Race, America, And Ancient Greece

AIA Society: South Carolina (Charleston)
Lecturer: Christopher Stedman Parmenter

Few concepts loom as large in contemporary American life as race. Emphatically called “neither a stable nor consistent” construct by the sociologists Michael Omi and Howard Winant, the last few years have nonetheless seen race reimagined as an explanatory and even autonomous fixture of public-facing historiography, such as Ibram X. Kendi’s Stamped from the Beginning (2016) or Nikole Hannah-Jones’ 1619 Project (2019). Race is an essential part of our national narrative, and from this angle it is not surprising that scholars have turned to ancient Greece in search of its prehistory. The greatest monuments of this approach are a series of monographs published by the great African American classicist Frank M. Snowden, Jr. in the 1970-80s, who argued that ancient Greeks had very similar ideas of race as contemporary Americans—but crucially lacked any feelings of racism.

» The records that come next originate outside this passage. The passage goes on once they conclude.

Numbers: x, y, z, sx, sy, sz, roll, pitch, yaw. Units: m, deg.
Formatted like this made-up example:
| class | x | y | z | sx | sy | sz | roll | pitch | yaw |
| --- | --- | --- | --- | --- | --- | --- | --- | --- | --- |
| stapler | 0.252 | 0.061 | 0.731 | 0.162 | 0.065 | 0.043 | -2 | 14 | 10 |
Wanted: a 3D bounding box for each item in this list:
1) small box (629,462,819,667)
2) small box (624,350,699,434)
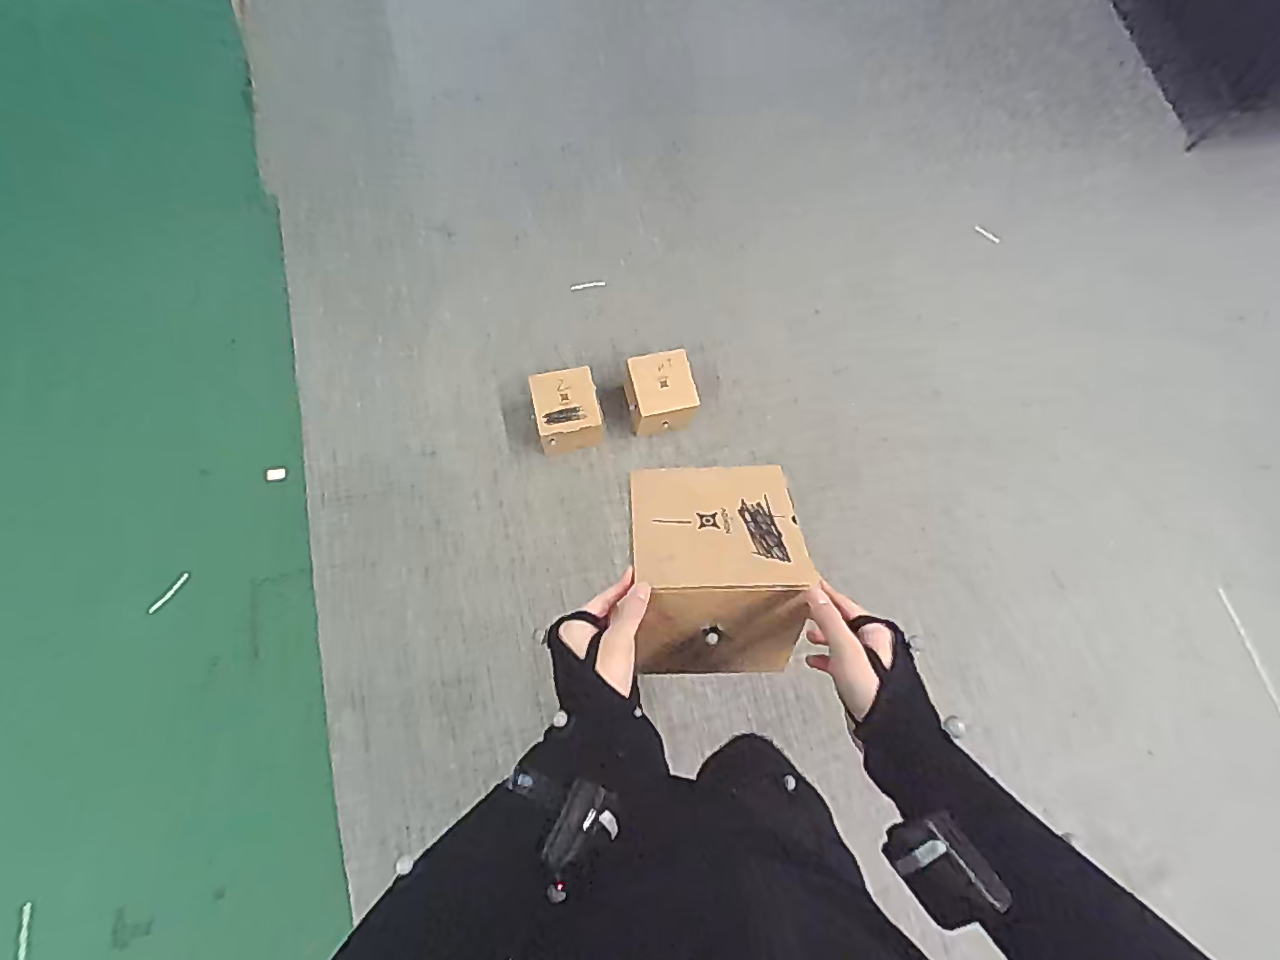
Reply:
| class | x | y | z | sx | sy | sz | roll | pitch | yaw |
| --- | --- | --- | --- | --- | --- | --- | --- | --- | --- |
| small box | 0.077 | 0.097 | 0.612 | 0.179 | 0.176 | 0.168 | 0 | 43 | -2 |
| small box | 0.056 | -0.242 | 1.534 | 0.168 | 0.176 | 0.179 | -12 | 76 | -9 |

This talk explores how scholars have located the origin of America’s racial consciousness in antiquity over the past century. I focus particularly on Snowden, who over his very long career bridged the gap between the white supremacist scholarship of the early twentieth century and the emergence of Afrocentrism in the 1970-80s. Along the way, we will approach several fundamental questions: did the Greeks have anything like a concept of ‘race’ on their own? Is it possible to understand Greek ideas of race outside the lens of American racial history? And to what extent are our own narratives of race in antiquity shaped by contemporary experiences of racism, capitalism, and empire?